By Mary Agnes Carey, CQ HealthBeat Associate Editor

April 24, 2008 -- Facing criticism that they have not yet proven their worth in the Medicare prescription drug program, sponsors of so-called special needs plans said Thursday they are willing to give Congress more data to show how they provide additional services to beneficiaries with severe chronic medical conditions.

"I don't think you can set the bar high enough for us," John Mach, chief executive officer of Evercare, a special needs plan based in Minneapolis, said at a Capitol Hill briefing. Robb Cohen, chief government affairs officer for XL Health, based in Baltimore, concurred. "The industry at large absolutely supports that requirement," he said.

Medicare special needs plans were added to the private health plan side of Medicare under the 2003 Medicare overhaul law (PL 108-173) and account for much of the surge in overall Medicare Advantage enrollment since then. Created to improve the quality and efficiency of care for Medicare's sickest and poorest enrollees, the plans haven't convinced some policy analysts that they are developing real expertise in managing care for Medicare's neediest enrollees in spite of the higher payment rates they receive.
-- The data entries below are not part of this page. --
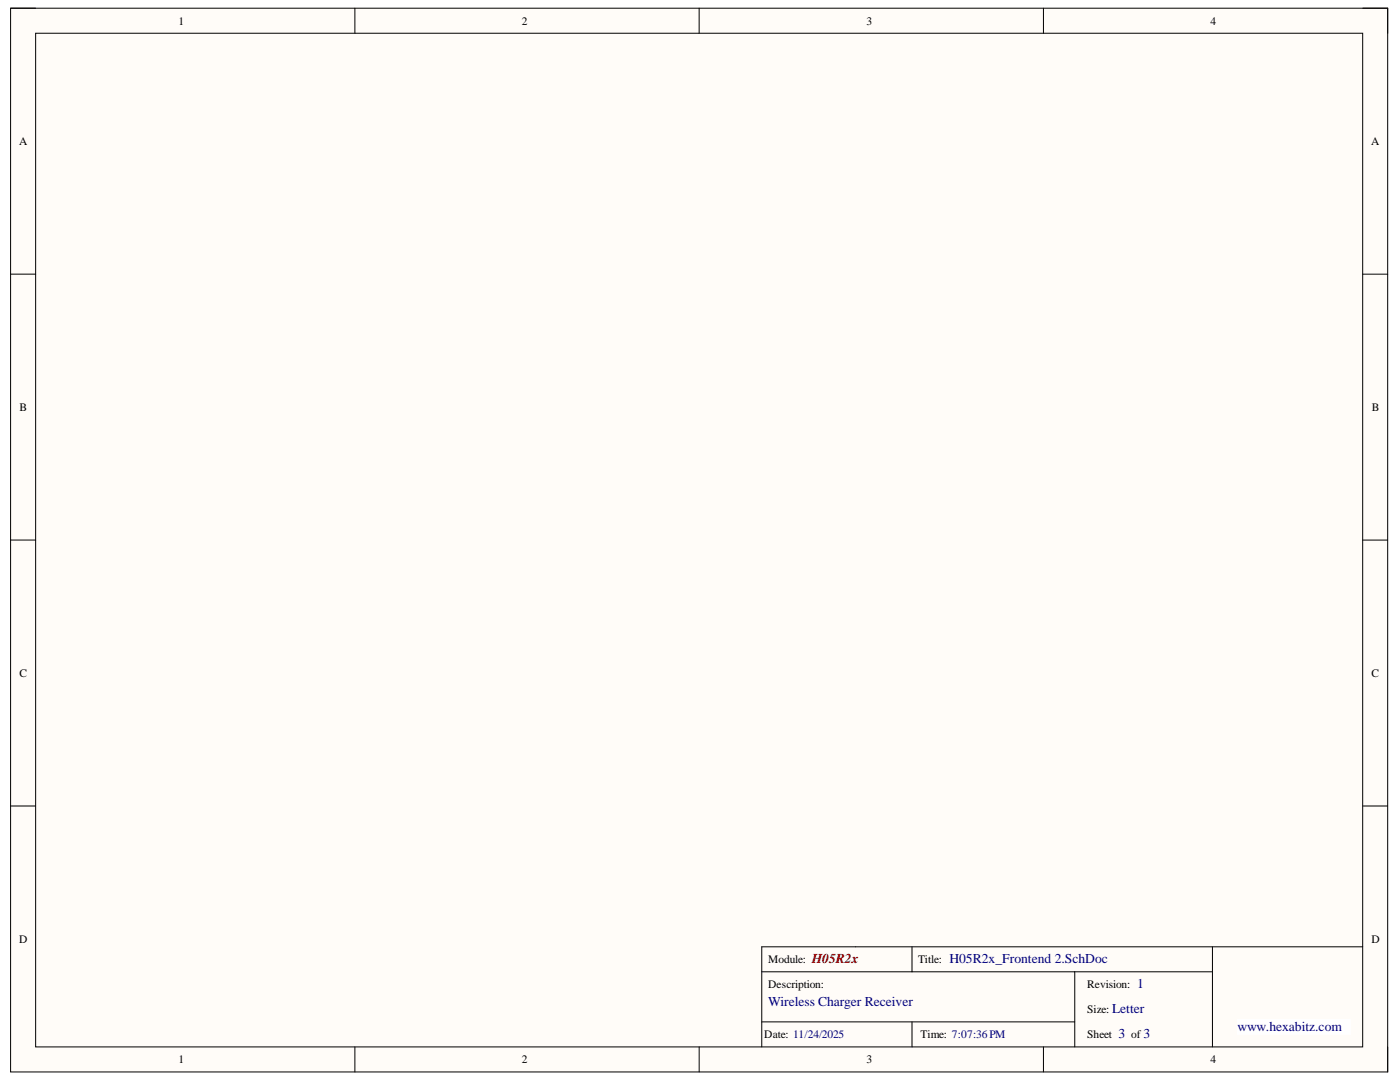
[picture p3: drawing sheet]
<svg xmlns="http://www.w3.org/2000/svg" width="279mm" height="216mm" viewBox="0 0 279 216" stroke-linecap="round" stroke-linejoin="round" font-family="sans-serif">
<defs><g id="words">
<text font-size="2.7" fill="#980000" x="162" y="192.1">H05R2x</text>
<g font-size="2.7" fill="#000080">
<text x="189.5" y="192.1">H05R2x_Frontend 2.SchDoc</text>
<text x="226.9" y="197.1">1</text>
<text x="153.3" y="200.8">Wireless Charger Receiver</text>
<text x="222" y="202.1">Letter</text>
<text x="223.2" y="207.1">3</text>
<text x="228.2" y="207.1">3</text>
<text x="247" y="205.8">www.hexabitz.com</text>
</g>
<g font-size="2.3">
<text x="35.6" y="4.9">1</text>
<text x="104.2" y="4.9">2</text>
<text x="172.9" y="4.9">3</text>
<text x="241.6" y="4.9">4</text>
<text x="3.8" y="28.9">A</text>
<text x="273.6" y="28.9">A</text>
<text x="3.9" y="82">B</text>
<text x="273.8" y="82">B</text>
<text x="3.9" y="135.1">C</text>
<text x="273.7" y="135.1">C</text>
<text x="3.8" y="188.1">D</text>
<text x="273.7" y="188.1">D</text>
<text x="153.3" y="192.2">Module:</text>
<text x="153.3" y="197.2">Description:</text>
<text x="183.2" y="192.2">Title:</text>
<text x="217" y="197.2">Revision:</text>
<text x="217" y="202.2">Size:</text>
<text x="152.5" y="207.1">Date: 11/24/2025</text>
<text x="183.7" y="207.1">Time: 7:07:36PM</text>
<text x="217" y="207.1">Sheet</text>
<text x="225.8" y="207.1">of</text>
<text x="35.6" y="212.1">1</text>
<text x="104.2" y="212.1">2</text>
<text x="172.9" y="212.1">3</text>
<text x="241.6" y="212.1">4</text>
</g>
</g></defs>
<path d="M2.1 1.6h274.8v212.3h-274.8z" fill-rule="evenodd" fill="#fffcf8"/>
<path d="M2.1 1.6h274.8v212.3h-274.8z" fill="none" stroke="#000" stroke-width=".2"/>
<path d="M7.1 6.6h264.9v202.3h-264.9z" fill-rule="evenodd" fill="#fffcf8"/>
<g fill="none" stroke="#000" stroke-width=".2">
<path d="M2.1 1.6h5M7.1 6.6h264.9v202.3h-264.9zM70.8 1.6v5M139.5 1.6v5M208.2 1.6v5M272 1.6h4.9v5M2.1 54.7h5M272 54.7h4.9M2.1 107.8h5M272 107.8h4.9M2.1 160.8h5M272 160.8h4.9"/>
<path d="M70.8 208.9v5M139.5 208.9v5M208.2 208.9v5M276.9 208.9v5"/>
</g>
<path d="M247 203.4h22.4v3h-22.4z" fill-rule="evenodd" fill="#fff"/>
<path d="M247 203.4h22.4v3h-22.4z" fill="none" stroke="#fff" stroke-width=".2"/>
<path d="M152 193.9h90M182 188.9v5M214.5 193.9v15M242 188.9v20M272 188.9h-120v20M152 203.9h62.5M182 203.9v5" fill="none" stroke="#000" stroke-width=".2"/>
<use href="#words"/>
</svg>

In Medicare legislation (S 2499) President Bush signed into law in December, the plans, also known as SNPs, face a moratorium. The agreement bars the plans from expanding their service areas through Dec. 31, 2009, and prevents new special needs plans from entering the program until that time. As of 2007, more than 470 SNPs were operating in the Medicare program, serving more than one million enrollees, and more than 760 SNPs will be available in 2008, according to the Centers for Medicare and Medicaid Services. Proponents of special needs plans are hoping to get those restrictions lifted in Medicare legislation now being developed on Capitol Hill.

The plans serve "dual eligibles"—Medicare beneficiaries who qualify for both Medicare and Medicaid—Medicare beneficiaries with severe or disabling chronic conditions, and Medicare beneficiaries who live in nursing homes and other long-term care settings. Additional services the plans provide include dental and vision and benefits, reduced cost-sharing for prescription drugs, tailored case management, and other specialized services, according to America's Health Insurance Plans, a trade group representing health insurers.

At its December meeting, the Medicare Payment Advisory Commission approved several recommendations regarding SNPs, including that Congress extend the authority to limit SNP enrollment, now set to expire in December 2008, and that Congress should require the secretary of the Department of Health and Human Services to establish additional tailored performance measures for the plans and evaluate their performance on those measures every three years.